We had the opportunity of interviewing Oliver Sun, an alum from Princeton University about: Majoring in Public and International Affairs
Oliver is currently a Manager in the Wealth field with the Equity Index Research team at London Stock Exchange Group. He graduated from Princeton University in 2016 with a concentration in the Woodrow Wilson School of Public and International Affairs and a certificate in Finance. He has an expansive work experience ranging from marketing and quantitative strategies to wealth management and private banking.
As a high school valedictorian, Oliver was also a part of Mock Trial, Science Olympiad, the Charlotte Symphony Youth Orchestra, and others.
Here are some important words Oliver shares:
"There was considerable overlap in the coursework for Finance and Public and International Affairs... were interesting because these courses taught me the ways that business leaders react to economic policy when making their own decisions on a corporate level."
"I chose to major in [Public and International Affairs] because I was interested in understanding how these policies affect our daily lives."
Q: Why did you choose to attend Princeton?
A: My main decision was among Princeton, University of Pennsylvania (Wharton), and Brown. Wharton would have been the best choice if I was certain that I wanted to study business, but for anything else Princeton would have been the better option. In addition, Princeton is unique among the Ivy League for its focus on the undergraduate curriculum rather than its graduate programs. Finally, Princeton offered the most generous financial aid package. These factors combined led me to choose Princeton.
Q: What does a Public and International Affairs’ major entail? Why did you decide to major in it?
A: Public and International Affairs focuses on the practical applications of policymaking. Rather than a theoretical approach like you would take in a philosophy or politics class, the Public and International Affairs curriculum looks at real world examples of policies that did or did not work and analyzes their causes and effects. I chose to major in it because I was interested in understanding how these policies affect our daily lives.

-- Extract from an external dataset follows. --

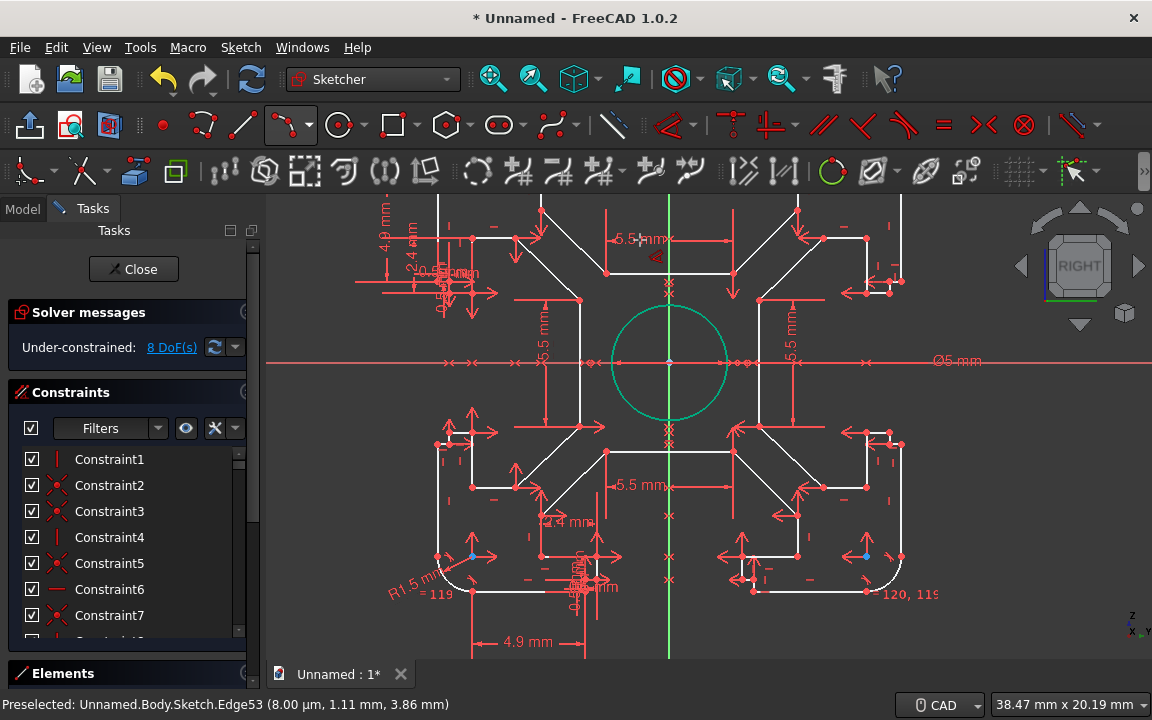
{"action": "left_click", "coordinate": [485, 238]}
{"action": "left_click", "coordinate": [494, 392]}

Q: Have you taken any courses related to business, marketing, or finance at Princeton? If so, can you explain what you took away from them and how they fostered your interest in those topics?
A: I completed the undergraduate certificate program in Finance. There was considerable overlap in the coursework for Finance and Public and International Affairs in terms of economic policy and how economic policy affects financial decisions on a macro and micro level. These were interesting because these courses taught me the ways that business leaders react to economic policy when making their own decisions on a corporate level.